POLITIQUE & INSTITUTIONS — Institutions

pandémie et retour au travail

Le télétravail reste la recommandation pour plusieurs semaines



Le travail à distance reste fortement recommandé. «C’est une question de bon sens», font valoir les autorités. (Photo: Shutterstock)

Le travail à distance reste fortement recommandé. «C’est une question de bon sens», font valoir les autorités. (Photo: Shutterstock)

Les employés actuellement en télétravail vont-ils être de retour à leur bureau à partir de lundi? Certains l’espèrent puisque la première phase de déconfinement sera amorcée. Cela reste néanmoins vivement déconseillé, «au moins durant la phase 1 du plan de sortie de crise».

Après plusieurs semaines de travail à distance, pour ceux pour qui cela était possible, l’impatience gagne les employés de retrouver leur bureau, leurs collègues… Alors que la phase 1 du déconfinement débutera lundi pour certains secteurs seulement, dont celui de la construction , des entreprises pourraient battre le rappel des troupes et demander à leurs salariés de revenir sur leur lieu de travail, au bureau.

Pour la Direction de la santé, il s’agit là d’une très mauvaise idée. «Si le secteur de la construction reprend lundi, c’est avec des conditions sanitaires très strictes», rappelle le docteur Jean-Claude Schmit , directeur de la Santé. «Non seulement pour les ouvriers, mais aussi pour les employés des services administratifs de ces entreprises. La recommandation est d’ailleurs de continuer à travailler à distance si cela est possible.»

Pour les employés des entreprises privées – institutions financières, services… – et du service public, «le télétravail reste privilégié. Nous ne sommes pas sortis de la crise sanitaire.
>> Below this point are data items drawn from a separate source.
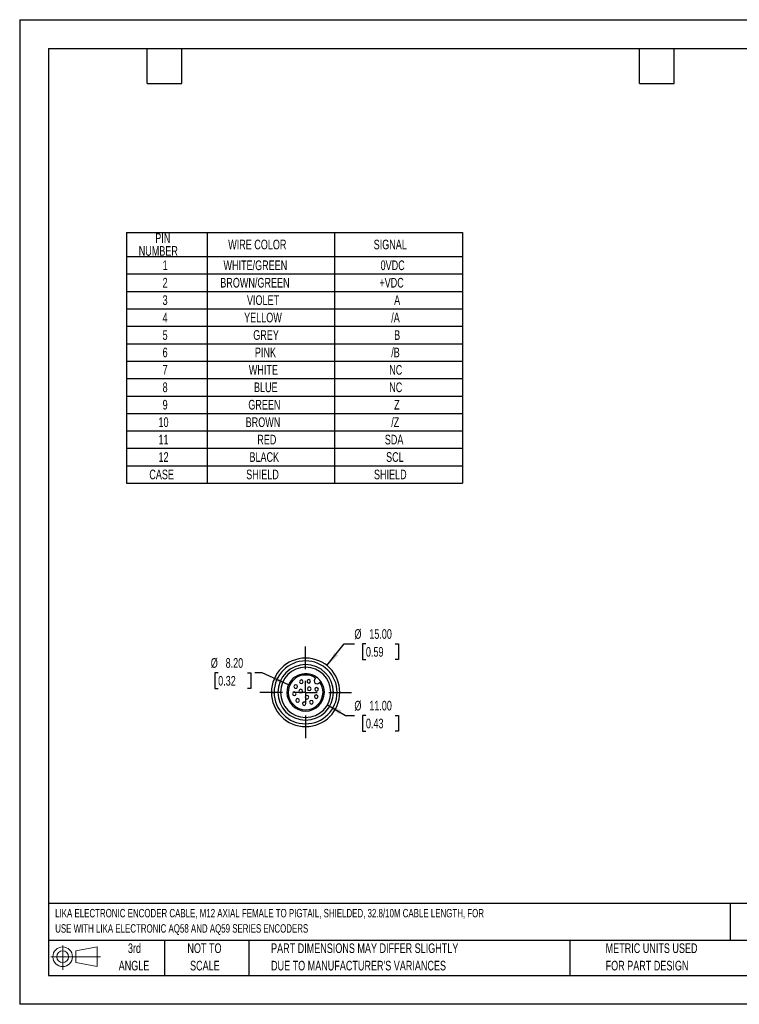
# Model space of a CAD drawing. Header units: millimetres. Extents: x 0 to 279, y 0 to 216.
# Tile 1 of 2: x 0 to 158, y 0 to 216. Entities that reach past the tile are written whole.
import ezdxf

# ---------------------------------------------------------------- set-up
doc = ezdxf.new("R2010")
doc.units = ezdxf.units.MM
doc.linetypes.add('CENTERX2', pattern=[20.32, 12.7, -2.54, 2.54, -2.54])
doc.layers.add('CENTER', color=40, linetype='CENTERX2')
doc.layers.add('SLD-DEFPOINTS', color=7, linetype='Continuous')
doc.layers.add('DIMENSIONS', color=140, linetype='Continuous', lineweight=25)
doc.layers.add('TEXT', color=140, linetype='Continuous', lineweight=25)
doc.styles.add('SLDTEXTSTYLE0', font='TXT', dxfattribs={"width": 0.7})
doc.dimstyles.new('SLDDIMSTYLE0', dxfattribs={"dimtxt": 2.158008, "dimasz": 3.302, "dimexe": 0, "dimexo": 0.0625, "dimgap": 0.539502, "dimtad": 0, "dimtih": 1, "dimtoh": 1, "dimrnd": 1e-09, "dimzin": 4, "dimdsep": 46, "dimtxsty": 'SLDTEXTSTYLE0', "dimsah": 1, "dimcen": 0, "dimadec": 0, "dimazin": 1, "dimtfac": 1, "dimtofl": 0, "dimtmove": 0, "dimatfit": 3, "dimfxl": 0, "dimfrac": 2, "dimtolj": 1, "dimtzin": 12, "dimarcsym": 0})

# ---------------------------------------------------------------- blocks, each defined once
blk = doc.blocks.new('Block11')
at = {"color": 7, "linetype": 'Continuous', "lineweight": 18}
for p, q in [((2.59, 5.31), (2.59, 0)), ((5.48, 4.17), (10.18, 5.03)), ((10.18, 5.03), (10.18, 0.73)), ((0, 2.88), (10.87, 2.88)), ((5.48, 1.6), (5.48, 4.17)), ((5.48, 1.6), (10.18, 0.73))]:
    blk.add_line(p, q, dxfattribs=at)
for radius in [2.15, 1.29]:
    blk.add_circle((2.59, 2.88), radius, dxfattribs=at)
blk = doc.blocks.new('Block12')
at = {"layer": 'SLD-DEFPOINTS'}
blk.add_blockref('Block11', (0, 0), dxfattribs=at)
blk = doc.blocks.new('SW_NOTE_0')
at = {"layer": 'TEXT', "color": 0, "linetype": 'CENTERX2', "lineweight": 18, "char_height": 1.8519, "attachment_point": 1, "style": 'SLDTEXTSTYLE0'}
for s, insert in [('LIKA ELECTRONIC ENCODER CABLE, M12 AXIAL FEMALE TO PIGTAIL, SHIELDED, 32.8/10M CABLE LENGTH, FOR', (0, 2.39)), ('USE WITH LIKA ELECTRONIC AQ58 AND AQ59 SERIES ENCODERS', (0, -0.96))]:
    blk.add_mtext(s, dxfattribs=dict(at, insert=insert))
blk = doc.blocks.new('SW_NOTE_0_3')
at = {"layer": 'TEXT', "color": 0, "linetype": 'CENTERX2', "lineweight": 18, "char_height": 2.1167, "attachment_point": 1, "style": 'SLDTEXTSTYLE0'}
for s, insert in [('PART DIMENSIONS MAY DIFFER SLIGHTLY', (0, 2.73)), ("DUE TO MANUFACTURER'S VARIANCES", (0, -1.09))]:
    blk.add_mtext(s, dxfattribs=dict(at, insert=insert))
blk = doc.blocks.new('SW_NOTE_0_4')
at = {"layer": 'TEXT', "color": 0, "linetype": 'CENTERX2', "lineweight": 18, "char_height": 2.117, "attachment_point": 2, "style": 'SLDTEXTSTYLE0'}
for s, insert in [('NOT TO', (5.26, 2.73)), ('SCALE', (5.35, -1.09))]:
    blk.add_mtext(s, dxfattribs=dict(at, insert=insert))
blk = doc.blocks.new('SW_NOTE_0_5')
at = {"layer": 'TEXT', "color": 0, "linetype": 'CENTERX2', "lineweight": 18, "char_height": 2.117, "attachment_point": 2, "style": 'SLDTEXTSTYLE0'}
for s, insert in [('3rd', (2.32, 2.73)), ('ANGLE', (2.22, -1.09))]:
    blk.add_mtext(s, dxfattribs=dict(at, insert=insert))
blk = doc.blocks.new('SW_NOTE_0_6')
at = {"layer": 'TEXT', "color": 0, "linetype": 'CENTERX2', "lineweight": 18, "char_height": 2.1167, "attachment_point": 1, "style": 'SLDTEXTSTYLE0'}
for s, insert in [('METRIC UNITS USED', (0, 2.73)), ('FOR PART DESIGN', (0, -1.09))]:
    blk.add_mtext(s, dxfattribs=dict(at, insert=insert))
blk = doc.blocks.new('SW_TABLEANNOTATION_0')
at = {"layer": 'TEXT', "color": 0}
for p, q in [((0, 0), (0, -5.3)), ((0, 0), (17.69, 0)), ((17.69, 0), (17.69, -5.3)), ((17.69, 0), (45.65, 0)), ((45.65, 0), (45.65, -5.3)), ((45.65, 0), (73.72, 0)), ((73.72, 0), (73.72, -5.3)), ((0, -5.3), (0, -9.12)), ((0, -5.3), (17.69, -5.3)), ((17.69, -5.3), (17.69, -9.12)), ((17.69, -5.3), (45.65, -5.3)), ((45.65, -5.3), (45.65, -9.12)), ((45.65, -5.3), (73.72, -5.3)), ((73.72, -5.3), (73.72, -9.12)), ((0, -9.12), (0, -12.94)), ((0, -9.12), (17.69, -9.12)), ((17.69, -9.12), (17.69, -12.94)), ((17.69, -9.12), (45.65, -9.12)), ((45.65, -9.12), (45.65, -12.94)), ((45.65, -9.12), (73.72, -9.12)), ((73.72, -9.12), (73.72, -12.94)), ((0, -12.94), (0, -16.77)), ((0, -12.94), (17.69, -12.94)), ((17.69, -12.94), (17.69, -16.77)), ((17.69, -12.94), (45.65, -12.94)), ((45.65, -12.94), (45.65, -16.77)), ((45.65, -12.94), (73.72, -12.94)), ((73.72, -12.94), (73.72, -16.77)), ((0, -16.77), (0, -20.59)), ((0, -16.77), (17.69, -16.77)), ((17.69, -16.77), (17.69, -20.59)), ((17.69, -16.77), (45.65, -16.77)), ((45.65, -16.77), (45.65, -20.59)), ((45.65, -16.77), (73.72, -16.77)), ((73.72, -16.77), (73.72, -20.59)), ((0, -20.59), (0, -24.41)), ((0, -20.59), (17.69, -20.59)), ((17.69, -20.59), (17.69, -24.41)), ((17.69, -20.59), (45.65, -20.59)), ((45.65, -20.59), (45.65, -24.41)), ((45.65, -20.59), (73.72, -20.59)), ((73.72, -20.59), (73.72, -24.41)), ((0, -24.41), (0, -28.23)), ((0, -24.41), (17.69, -24.41)), ((17.69, -24.41), (17.69, -28.23)), ((17.69, -24.41), (45.65, -24.41)), ((45.65, -24.41), (45.65, -28.23)), ((45.65, -24.41), (73.72, -24.41)), ((73.72, -24.41), (73.72, -28.23)), ((0, -28.23), (0, -32.06)), ((0, -28.23), (17.69, -28.23)), ((17.69, -28.23), (17.69, -32.06)), ((17.69, -28.23), (45.65, -28.23)), ((45.65, -28.23), (45.65, -32.06)), ((45.65, -28.23), (73.72, -28.23)), ((73.72, -28.23), (73.72, -32.06)), ((0, -32.06), (0, -35.88)), ((0, -32.06), (17.69, -32.06)), ((17.69, -32.06), (17.69, -35.88)), ((17.69, -32.06), (45.65, -32.06)), ((45.65, -32.06), (45.65, -35.88)), ((45.65, -32.06), (73.72, -32.06)), ((73.72, -32.06), (73.72, -35.88)), ((0, -35.88), (0, -39.7)), ((0, -35.88), (17.69, -35.88)), ((17.69, -35.88), (17.69, -39.7)), ((17.69, -35.88), (45.65, -35.88)), ((45.65, -35.88), (45.65, -39.7)), ((45.65, -35.88), (73.72, -35.88)), ((73.72, -35.88), (73.72, -39.7)), ((0, -39.7), (0, -43.52)), ((0, -39.7), (17.69, -39.7)), ((17.69, -39.7), (17.69, -43.52)), ((17.69, -39.7), (45.65, -39.7)), ((45.65, -39.7), (45.65, -43.52)), ((45.65, -39.7), (73.72, -39.7)), ((73.72, -39.7), (73.72, -43.52)), ((0, -43.52), (0, -47.34)), ((0, -43.52), (17.69, -43.52)), ((17.69, -43.52), (17.69, -47.34)), ((17.69, -43.52), (45.65, -43.52)), ((45.65, -43.52), (45.65, -47.34)), ((45.65, -43.52), (73.72, -43.52)), ((73.72, -43.52), (73.72, -47.34)), ((0, -47.34), (0, -51.17)), ((0, -47.34), (17.69, -47.34)), ((17.69, -47.34), (17.69, -51.17)), ((17.69, -47.34), (45.65, -47.34)), ((45.65, -47.34), (45.65, -51.17)), ((45.65, -47.34), (73.72, -47.34)), ((73.72, -47.34), (73.72, -51.17)), ((0, -51.17), (0, -54.99)), ((0, -51.17), (17.69, -51.17)), ((17.69, -51.17), (17.69, -54.99)), ((17.69, -51.17), (45.65, -51.17)), ((45.65, -51.17), (45.65, -54.99)), ((45.65, -51.17), (73.72, -51.17)), ((73.72, -51.17), (73.72, -54.99)), ((0, -54.99), (17.69, -54.99)), ((17.69, -54.99), (45.65, -54.99)), ((45.65, -54.99), (73.72, -54.99))]:
    blk.add_line(p, q, dxfattribs=at)
at = {"layer": 'TEXT', "color": 0, "attachment_point": 1, "style": 'SLDTEXTSTYLE0'}
for s, insert, char_height in [('PIN', (6.34, -0.18), 2.117), ('WIRE COLOR', (22.33, -1.6), 2.117), ('SIGNAL', (54.23, -1.6), 2.117), ('NUMBER', (2.72, -3.01), 2.117), ('1', (7.95, -6.16), 2.12), ('WHITE/GREEN', (21.3, -6.16), 2.1167), ('0VDC', (55.75, -6.16), 2.117), ('2', (7.95, -9.98), 2.12), ('BROWN/GREEN', (20.6, -9.98), 2.1167), ('+VDC', (55.49, -9.98), 2.117), ('3', (7.95, -13.8), 2.12), ('VIOLET', (26.45, -13.8), 2.117), ('A', (58.72, -13.8), 2.12), ('4', (7.95, -17.62), 2.12), ('YELLOW', (25.83, -17.62), 2.117), ('/A', (58.08, -17.62), 2.117), ('5', (7.95, -21.45), 2.12), ('GREY', (27.83, -21.45), 2.117), ('B', (58.72, -21.45), 2.12), ('6', (7.95, -25.27), 2.12), ('PINK', (28.19, -25.27), 2.117), ('/B', (58.08, -25.27), 2.117), ('7', (7.95, -29.09), 2.12), ('WHITE', (26.86, -29.09), 2.117), ('NC', (57.64, -29.09), 2.117), ('8', (7.95, -32.91), 2.12), ('BLUE', (27.99, -32.91), 2.117), ('NC', (57.64, -32.91), 2.117), ('9', (7.95, -36.73), 2.12), ('GREEN', (26.75, -36.73), 2.117), ('Z', (58.72, -36.73), 2.12), ('10', (7.05, -40.56), 2.117), ('BROWN', (26.16, -40.56), 2.117), ('/Z', (58.08, -40.56), 2.117), ('11', (7.05, -44.38), 2.117), ('RED', (28.71, -44.38), 2.117), ('SDA', (56.67, -44.38), 2.117), ('12', (7.05, -48.2), 2.117), ('BLACK', (26.99, -48.2), 2.117), ('SCL', (56.95, -48.2), 2.117), ('CASE', (5.04, -52.02), 2.117), ('SHIELD', (26.28, -52.02), 2.117), ('SHIELD', (54.3, -52.02), 2.117)]:
    blk.add_mtext(s, dxfattribs=dict(at, insert=insert, char_height=char_height))
blk = doc.blocks.new('_D')
at = {"layer": 'DIMENSIONS'}
for p, q in [((43.52, 72.7), (42.8, 72.7)), ((42.8, 72.7), (42.8, 69.27)), ((49.94, 72.7), (50.66, 72.7)), ((50.66, 72.7), (50.66, 69.27)), ((53.16, 72.7), (51.57, 72.7)), ((58.96, 70.09), (53.16, 72.7)), ((42.8, 69.27), (43.52, 69.27)), ((50.66, 69.27), (49.94, 69.27))]:
    blk.add_line(p, q, dxfattribs=at)
blk.add_solid([(58.96, 70.09), (56.16, 71.91), (55.74, 70.98)], dxfattribs=at)
at = {"layer": 'DIMENSIONS', "char_height": 2.117, "attachment_point": 1, "style": 'SLDTEXTSTYLE0'}
for s, insert in [('%%c', (41.9, 75.91)), ('8.20', (45.15, 75.91)), ('0.32', (43.52, 72))]:
    blk.add_mtext(s, dxfattribs=dict(at, insert=insert))
blk = doc.blocks.new('_D_1')
at = {"layer": 'DIMENSIONS'}
for p, q in [((67.38, 74.27), (71.18, 79.04)), ((71.18, 79.04), (73.39, 79.04)), ((75.92, 79.04), (75.2, 79.04)), ((75.2, 79.04), (75.2, 75.61)), ((82.33, 79.04), (83.06, 79.04)), ((83.06, 79.04), (83.06, 75.61)), ((75.2, 75.61), (75.92, 75.61)), ((83.06, 75.61), (82.33, 75.61))]:
    blk.add_line(p, q, dxfattribs=at)
blk.add_solid([(67.38, 74.27), (69.83, 76.53), (69.04, 77.17)], dxfattribs=at)
at = {"layer": 'DIMENSIONS', "char_height": 2.117, "attachment_point": 1, "style": 'SLDTEXTSTYLE0'}
for s, insert in [('%%c', (73.39, 82.26)), ('15.00', (76.65, 82.26)), ('0.59', (75.92, 78.34))]:
    blk.add_mtext(s, dxfattribs=dict(at, insert=insert))
blk = doc.blocks.new('_D_2')
at = {"layer": 'DIMENSIONS'}
for p, q in [((67.46, 65.66), (71.47, 63.34)), ((71.47, 63.34), (73.39, 63.34)), ((75.92, 63.34), (75.2, 63.34)), ((75.2, 63.34), (75.2, 59.91)), ((82.33, 63.34), (83.06, 63.34)), ((83.06, 63.34), (83.06, 59.91)), ((75.2, 59.91), (75.92, 59.91)), ((83.06, 59.91), (82.33, 59.91))]:
    blk.add_line(p, q, dxfattribs=at)
blk.add_solid([(67.46, 65.66), (70.07, 63.57), (70.58, 64.45)], dxfattribs=at)
at = {"layer": 'DIMENSIONS', "char_height": 2.117, "attachment_point": 1, "style": 'SLDTEXTSTYLE0'}
for s, insert in [('%%c', (73.39, 66.55)), ('11.00', (76.65, 66.55)), ('0.43', (75.92, 62.64))]:
    blk.add_mtext(s, dxfattribs=dict(at, insert=insert))
blk = doc.blocks.new('SW_CENTERMARKSYMBOL_0')
at = {"layer": 'CENTER', "color": 0}
for p, q in [((0, 5.08), (0, 10.04)), ((0, 0), (0, 2.54)), ((-5.08, 0), (-10.04, 0)), ((0, 0), (-2.54, 0)), ((0, 0), (0, -2.54)), ((0, 0), (2.54, 0)), ((5.08, 0), (10.04, 0)), ((0, -5.08), (0, -10.04))]:
    blk.add_line(p, q, dxfattribs=at)

msp = doc.modelspace()

# ---------------------------------------------------------------- linework, layer by layer
at = {"color": 7, "linetype": 'Continuous'}
for p, q in [((0.002, 215.903), (0.002, 0.003)), ((0.002, 215.903), (279.402, 215.903)), ((279.402, 0.003), (0.002, 0.003))]:
    msp.add_line(p, q, dxfattribs=at)
for p, q in [((64.75, 71.377), (64.895, 71.522)), ((64.895, 71.522), (65.102, 71.729)), ((65.814, 70.603), (65.669, 70.458)), ((66.021, 70.81), (65.814, 70.603)), ((55.199, 68.407), (55.799, 68.407)), ((57.199, 68.407), (56.599, 68.407)), ((58.599, 68.407), (58.888, 68.407)), ((66.51, 68.407), (66.799, 68.407)), ((68.799, 68.407), (68.199, 68.407)), ((69.599, 68.407), (70.199, 68.407))]:
    msp.add_line(p, q)
for centre, radius, start, end in [((62.699, 68.407), 7.5, 0, 180), ((62.699, 68.407), 6.9, 0, 180), ((62.699, 68.407), 6.1, 0, 180), ((62.699, 68.407), 5.5, 0, 180), ((62.699, 68.407), 4.1, 54.12196, 180), ((62.699, 68.407), 3.811, 54.81947, 180), ((65.209, 70.917), 0.65, 135, 315), ((62.699, 68.407), 4.1, 35.87804, 54.12196), ((60.539, 69.666), 0.4, 0, 180), ((60.539, 69.666), 0.4, 180, 0), ((61.636, 68.692), 0.4, 0, 180), ((61.757, 70.723), 0.4, 0, 180), ((61.757, 70.723), 0.4, 180, 0), ((63.367, 70.816), 0.4, 0, 180), ((63.367, 70.816), 0.4, 180, 0), ((63.477, 69.185), 0.4, 0, 180), ((63.477, 69.185), 0.4, 180, 0), ((65.108, 69.075), 0.4, 0, 180), ((62.699, 68.407), 3.811, 0, 35.18053), ((62.699, 68.407), 4.1, 0, 35.87804), ((62.699, 68.407), 7.5, 180, 0), ((62.699, 68.407), 6.9, 180, 0), ((62.699, 68.407), 6.1, 180, 0), ((62.699, 68.407), 5.5, 180, 0), ((62.699, 68.407), 4.1, 180, 0), ((62.699, 68.407), 3.811, 180, 0), ((60.22, 68.086), 0.4, 0, 180), ((60.22, 68.086), 0.4, 180, 0), ((60.931, 66.639), 0.4, 0, 180), ((61.636, 68.692), 0.4, 180, 0), ((62.984, 67.344), 0.4, 0, 180), ((62.984, 67.344), 0.4, 180, 0), ((65.015, 67.465), 0.4, 0, 180), ((65.015, 67.465), 0.4, 180, 0), ((65.108, 69.075), 0.4, 180, 0), ((60.931, 66.639), 0.4, 180, 0), ((62.378, 65.928), 0.4, 0, 180), ((62.378, 65.928), 0.4, 180, 0), ((63.958, 66.247), 0.4, 0, 180), ((63.958, 66.247), 0.4, 180, 0)]:
    msp.add_arc(centre, radius, start, end)
at = {"layer": 'TEXT'}
for p, q in [((6.35, 209.55), (273.05, 209.55)), ((6.35, 209.55), (6.35, 6.35)), ((27.94, 201.93), (27.94, 209.55)), ((35.56, 201.93), (35.56, 209.55)), ((135.89, 201.93), (135.89, 209.55)), ((143.51, 201.93), (143.51, 209.55)), ((27.94, 201.93), (35.56, 201.93)), ((135.89, 201.93), (143.51, 201.93)), ((273.05, 22.126), (6.35, 22.126)), ((155.759, 22.126), (155.759, 13.97)), ((273.05, 13.97), (6.35, 13.97)), ((31.75, 13.97), (31.75, 6.35)), ((50.212, 13.97), (50.212, 6.35)), ((120.646, 13.97), (120.646, 6.35)), ((6.35, 6.35), (273.05, 6.35))]:
    msp.add_line(p, q, dxfattribs=at)

# ---------------------------------------------------------------- block references
at = {"layer": 'CENTER'}
msp.add_blockref('SW_CENTERMARKSYMBOL_0', (62.699, 68.407), dxfattribs=at)
at = {"layer": 'SLD-DEFPOINTS'}
msp.add_blockref('Block12', (6.838, 7.554), dxfattribs=at)
at = {"layer": 'TEXT'}
msp.add_blockref('SW_TABLEANNOTATION_0', (23.386, 169.267), dxfattribs=at)
at = {"layer": 'TEXT', "linetype": 'CENTERX2', "lineweight": 18}
for name, p in [('SW_NOTE_0', (7.782, 18.525)), ('SW_NOTE_0_5', (22.847, 10.635)), ('SW_NOTE_0_4', (35.257, 10.635)), ('SW_NOTE_0_3', (55.119, 10.635)), ('SW_NOTE_0_6', (128.478, 10.635))]:
    msp.add_blockref(name, p, dxfattribs=at)

# ---------------------------------------------------------------- dimensions: what is measured, and where the dimension line sits
at = {"layer": 'DIMENSIONS'}
for p1, p2, picture, middle in [((58.022, 62.544), (67.376, 74.27), '_D_1', (79.127, 79.044)), ((66.437, 66.722), (58.961, 70.091), '_D', (46.731, 72.703)), ((57.936, 71.157), (67.462, 65.657), '_D_2', (79.127, 63.341))]:
    dim = msp.add_diameter_dim_2p(p1=p1, p2=p2, dimstyle='SLDDIMSTYLE0', dxfattribs=at)
    dim.commit()
    dim.dimension.update_dxf_attribs({"geometry": picture, "text_midpoint": middle, "dimtype": 163})

doc.saveas('drawing.dxf')

Les mesures prises par le gouvernement s’appliquent toujours

Pas avant la fin de la phase 1 de déconfinement

Le cabinet du Premier ministre, contacté par Paperjam, rappelle que, comme cela a été dit mercredi, «les sociétés, entreprises et administrations sont de manière générale encouragées à continuer de promouvoir le télétravail tout au long de la sortie du confinement».

Aucune date n’a été fixée, car, dit-on encore, la recommandation de ne pas venir sur son lieu de travail s’appliquera «au moins durant la phase 1 du plan de sortie de crise, prévue pour durer trois semaines à partir du 20 avril. Mais qui pourrait être plus longue si l’épidémie reprend de la vigueur.»

Recommandation ne signifie cependant pas interdiction: «C’est vrai, et d’ailleurs le gouvernement n’a jamais interdit de se rendre à son bureau. Mais il faut faire preuve de bon sens, car nous n’en avons pas fini avec l’épidémie, le mot d’ordre est toujours de rester chez soi et de télétravailler!»

Le ministre du Travail et vice-premier ministre Dan Kersch (LSAP) a enfoncé le clou à son tour lors d'une conférence de presse: «il est clair que les recommandations de faire du télétravail autant que possible restent d’application. C’est valable pour toutes les sociétés. Et si des choses ne peuvent être faites à la maison, il y a des règles claires. Dans son entreprise, il faut une distance de 2m entre les gens.»

La Commission de surveillance du secteur financier, par exemple, avait anticipé le message et dès ce vendredi matin, a demandé «à toutes les institutions financières tombant sous sa surveillance prudentielle de continuer à privilégier le travail à domicile jusqu’au 25 mai au moins», tout en «garantissant des conditions de sécurité informatique suffisantes».

Des directives précises données sous peu

De plus, le cabinet du Premier ministre rappelle «que l’employeur doit s’assurer de la sécurité des employés, comme l’indique le Code du travail.  Dans les entreprises, des règles sont aussi à respecter , notamment quant à la distanciation entre les gens. Prochainement, des directives précises vont d’ailleurs être données aux employeurs par le ministère du Travail.»

Enfin, la mobilité sera aussi un frein au retour dans les bureaux puisque l’offre de transports en commun reste limitée . Et le passage des frontières autorisé uniquement si l’on dispose d’une attestation de son employeur.